In Time

In Films, I by Jack Jones

In a future where the human race stops aging at the age of 25 but are engineered to live only one more year, time is a precious commodity and has become the only currency.

In
a future where the human race stops aging at the age of 25 but are engineered
to live only one more year, time is a precious commodity and has become the
only currency.

The phrase “time is money” has never been so
apt. With a multi-layered ideas movie, director Andrew Niccol has returned to the form of his debut sci-fi picture Gattaca.
Clearly Niccol has an eye for interesting, old-fashioned science fiction
cinema; where the style of the film relied on the weight of the ideas, rather
than the flashiness of the action sequences.

When Will Salas (Justin Timberlake) saves a wealthy man from having his time stolen
from him, Will is the fortunate recipient of over a hundred years of time,
prolonging his life. Because of Will’s humble upbringing in the ghetto, he is
unfortunately presumed to have murdered this man for his time and is chased by
a group of law enforcers known as Timekeepers. Given his newfound wealth Will
enters into the exclusive Time Zones in which the rich buy their immortality.

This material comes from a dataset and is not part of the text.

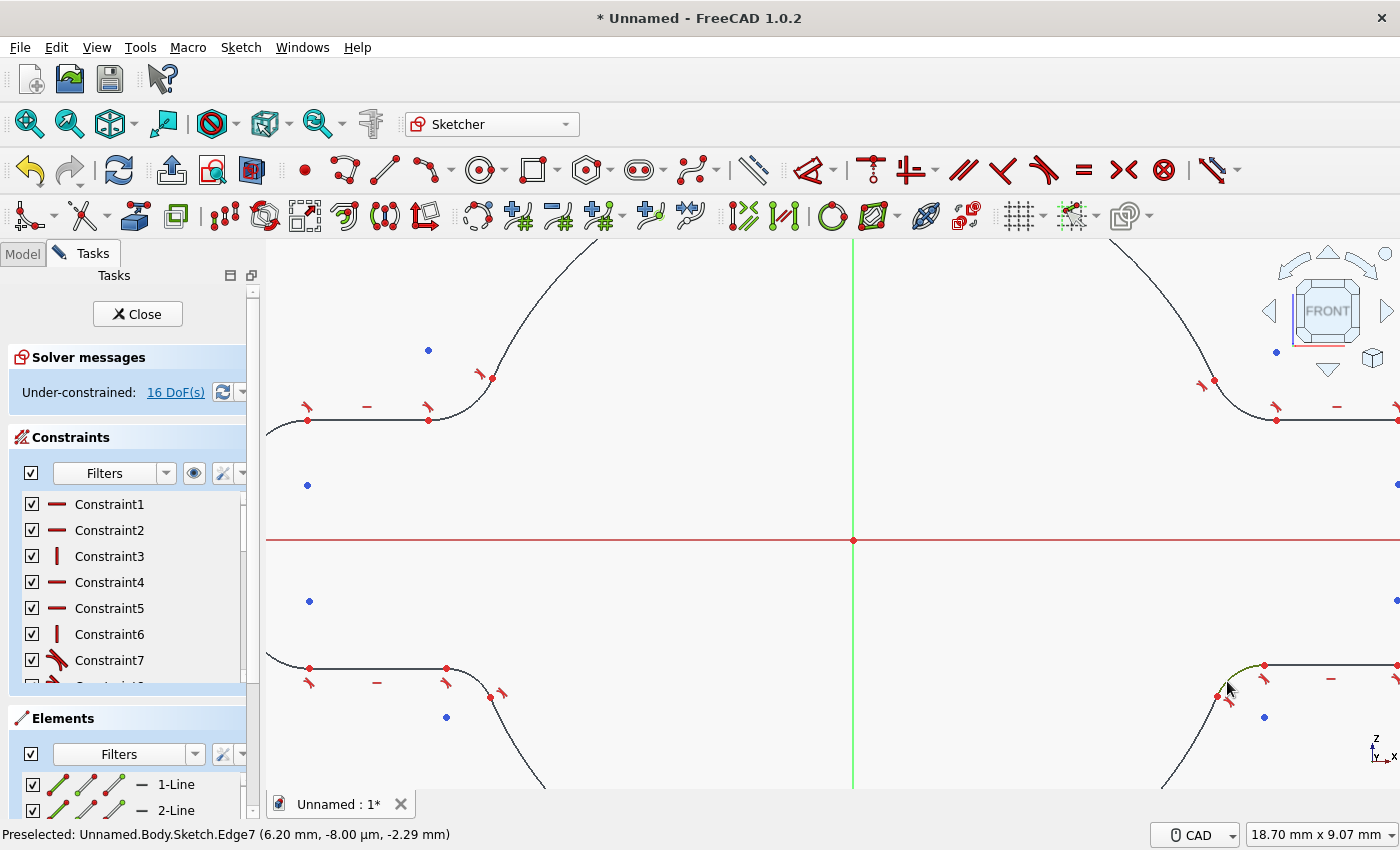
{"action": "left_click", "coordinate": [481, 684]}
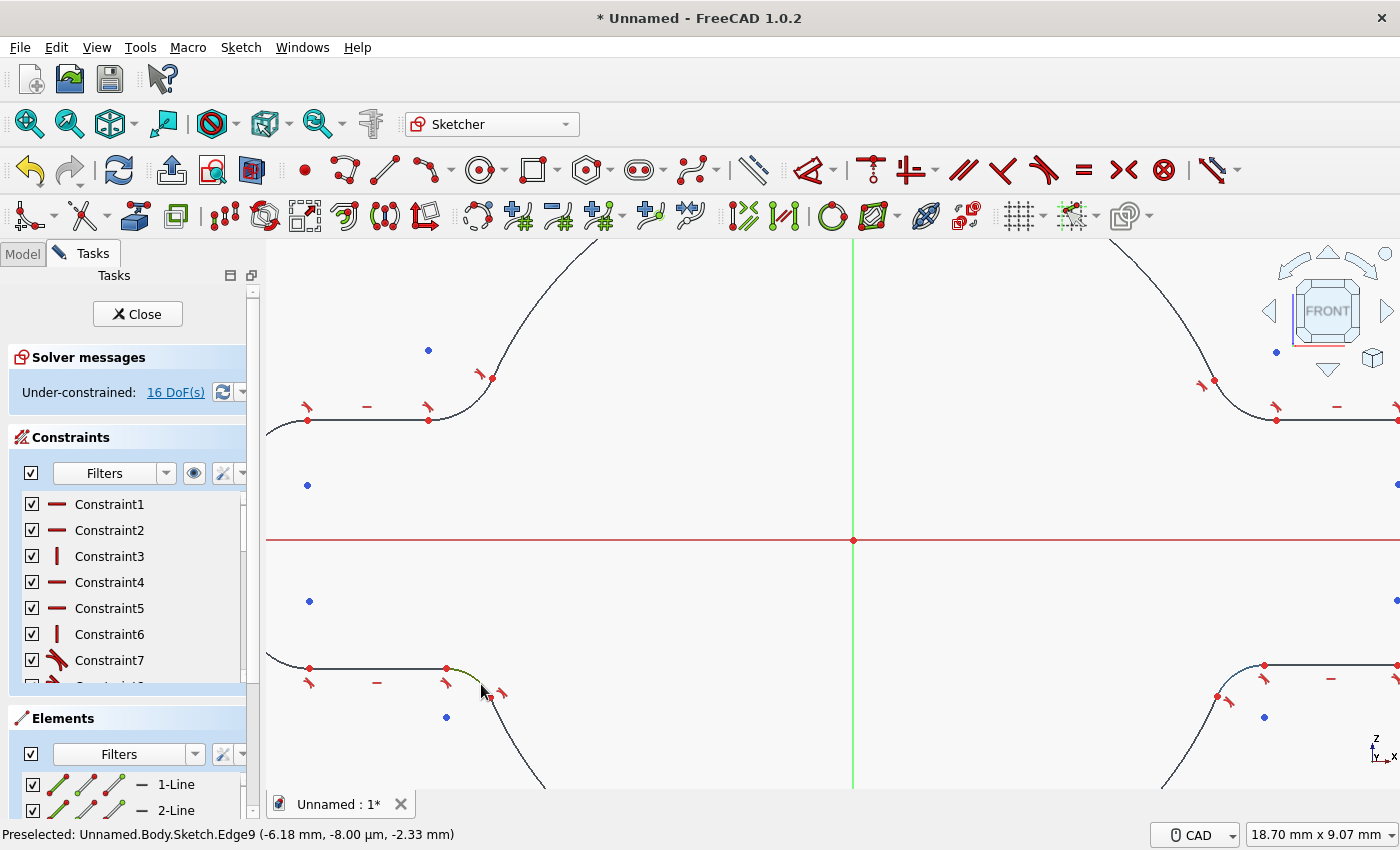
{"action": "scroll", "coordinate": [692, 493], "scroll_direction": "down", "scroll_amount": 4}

In a somewhat creaking plot contrivance, Will
encounters a very powerful businessman whose daughter Sylvia (Amanda Seyfried) is pulled into Will’s
mission to break down the walls of inequality and the opulent supremacy the
upper echelons of society enjoy. As romance blossoms, the law begins to bear
down on our vigilantes, but will they run out of time before their mission is
complete?

Though at times the costumes, props and set
designs hark back to some rather less impressive dystopian future films like Demolition
Man
, In Time is
closer to the intelligent and smart-thinking science fiction that became so
prevalent during the 1970s, lifting a number of riffs on social
hierarchy and over-population from 70s sci-fi classic Soylent Green. In a
way, In Time feels
particularly contemporary, highlighting recent arguments around the burgeoning
gap between society’s wealthiest and the poorest but also proves how ahead of
its time Soylent Green was.

Small details such as the exchange of time as
currency via either purchases, bets or charity is a very intriguing idea that
Niccol uses effectively without overplaying it. The presence of a luminous
clock on the arm of each character is fascinating tool that allows for
constantly anxious looks, glances and panicked desperation as the time rapidly
reaches its expiry. But as the poor scrounge day-to-day to find the hours,
minutes, even seconds to preserve themselves, the rich are cocooned within
their 25-year-old selves for hundreds, even thousands, of years, a truly
harrowing concept whichever way you look at it.

Both Justin Timberlake and Amanda Seyfried
are perfectly fine in the lead roles and work a certain Bonnie and Clyde
quality that at times proves quite charming. As Timekeeper Raymond Leon, Cillian Murphy is draped in much of the
same leather coats that the Grammaton Cleric’s from Equilibrium wear.
But despite this close resemblance in both character and attire, Murphy again
proves to be absorbing screen presence. But when the plot jumps from an ‘on the
run’ thriller into a Robin Hood-vigilante mission, some of the early momentum
of In Time’s travails into
Darwinism, social order and immortality is lost. In much the same way that The
Adjustment Bureau
brought a sense of sophisticated sci-fi to
the blockbuster format of entertainment, In
Time is smart, fun and well produced enough to value the price of
admission.

Though flawed thanks to an over indulgence in
plotlines, In Time is a
pretty workable and entertaining thrill ride into the world of old-fashioned
‘ideas’ sci-fi. Groundbreaking? No. Enjoyable? Certainly. Just make sure you
catch it before you run out of time.